Goal of the exercise:
From the first line to the last, retype the records exactly and skip the pictures.

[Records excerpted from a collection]
══════════
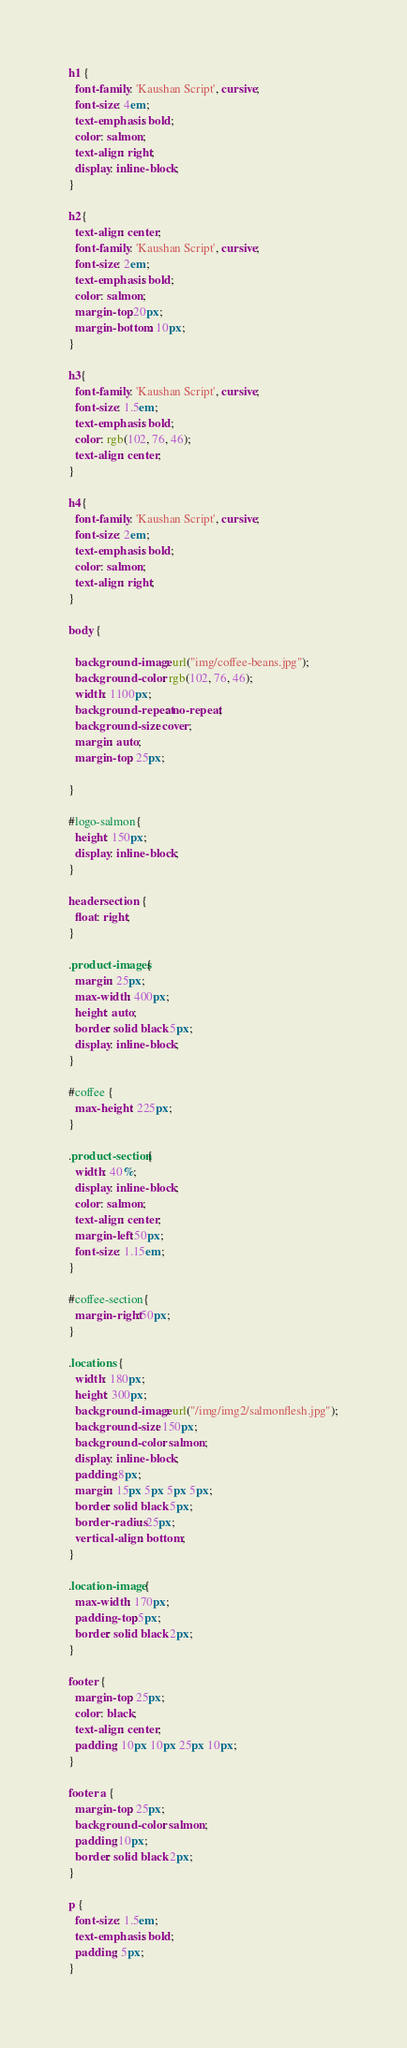<code> <loc_0><loc_0><loc_500><loc_500><_CSS_>h1 {
  font-family: 'Kaushan Script', cursive; 
  font-size: 4em;
  text-emphasis: bold;
  color: salmon;
  text-align: right;
  display: inline-block;
}

h2{
  text-align: center;
  font-family: 'Kaushan Script', cursive;
  font-size: 2em;
  text-emphasis: bold;
  color: salmon;
  margin-top:20px;
  margin-bottom: 10px;
}

h3{
  font-family: 'Kaushan Script', cursive;
  font-size: 1.5em;
  text-emphasis: bold;
  color: rgb(102, 76, 46);
  text-align: center;
}

h4{
  font-family: 'Kaushan Script', cursive;
  font-size: 2em;
  text-emphasis: bold;
  color: salmon;
  text-align: right;
}

body {
  
  background-image: url("img/coffee-beans.jpg");
  background-color: rgb(102, 76, 46);
  width: 1100px;
  background-repeat: no-repeat;
  background-size: cover;
  margin: auto;
  margin-top: 25px;

}

#logo-salmon{
  height: 150px;
  display: inline-block;
}

header section {
  float: right;
}

.product-images{
  margin: 25px;
  max-width: 400px;
  height: auto;
  border: solid black 5px;
  display: inline-block;
}

#coffee {
  max-height: 225px;
}

.product-section{
  width: 40%;
  display: inline-block;
  color: salmon;
  text-align: center;
  margin-left:50px;
  font-size: 1.15em;
}

#coffee-section{
  margin-right:50px;
}

.locations {
  width: 180px;
  height: 300px;
  background-image: url("/img/img2/salmonflesh.jpg");
  background-size: 150px;
  background-color: salmon;
  display: inline-block;
  padding:8px;
  margin: 15px 5px 5px 5px;
  border: solid black 5px;
  border-radius: 25px;
  vertical-align: bottom;
}

.location-image{
  max-width: 170px;
  padding-top:5px;
  border: solid black 2px;
}

footer {
  margin-top: 25px;
  color: black;
  text-align: center;
  padding: 10px 10px 25px 10px;
}

footer a {
  margin-top: 25px;
  background-color: salmon;
  padding:10px;
  border: solid black 2px;
}

p {
  font-size: 1.5em;
  text-emphasis: bold;
  padding: 5px;
}
</code>
══════════
Response area:
<code> <loc_0><loc_0><loc_500><loc_500><_CSS_>h1 {
  font-family: 'Kaushan Script', cursive; 
  font-size: 4em;
  text-emphasis: bold;
  color: salmon;
  text-align: right;
  display: inline-block;
}

h2{
  text-align: center;
  font-family: 'Kaushan Script', cursive;
  font-size: 2em;
  text-emphasis: bold;
  color: salmon;
  margin-top:20px;
  margin-bottom: 10px;
}

h3{
  font-family: 'Kaushan Script', cursive;
  font-size: 1.5em;
  text-emphasis: bold;
  color: rgb(102, 76, 46);
  text-align: center;
}

h4{
  font-family: 'Kaushan Script', cursive;
  font-size: 2em;
  text-emphasis: bold;
  color: salmon;
  text-align: right;
}

body {
  
  background-image: url("img/coffee-beans.jpg");
  background-color: rgb(102, 76, 46);
  width: 1100px;
  background-repeat: no-repeat;
  background-size: cover;
  margin: auto;
  margin-top: 25px;

}

#logo-salmon{
  height: 150px;
  display: inline-block;
}

header section {
  float: right;
}

.product-images{
  margin: 25px;
  max-width: 400px;
  height: auto;
  border: solid black 5px;
  display: inline-block;
}

#coffee {
  max-height: 225px;
}

.product-section{
  width: 40%;
  display: inline-block;
  color: salmon;
  text-align: center;
  margin-left:50px;
  font-size: 1.15em;
}

#coffee-section{
  margin-right:50px;
}

.locations {
  width: 180px;
  height: 300px;
  background-image: url("/img/img2/salmonflesh.jpg");
  background-size: 150px;
  background-color: salmon;
  display: inline-block;
  padding:8px;
  margin: 15px 5px 5px 5px;
  border: solid black 5px;
  border-radius: 25px;
  vertical-align: bottom;
}

.location-image{
  max-width: 170px;
  padding-top:5px;
  border: solid black 2px;
}

footer {
  margin-top: 25px;
  color: black;
  text-align: center;
  padding: 10px 10px 25px 10px;
}

footer a {
  margin-top: 25px;
  background-color: salmon;
  padding:10px;
  border: solid black 2px;
}

p {
  font-size: 1.5em;
  text-emphasis: bold;
  padding: 5px;
}
</code>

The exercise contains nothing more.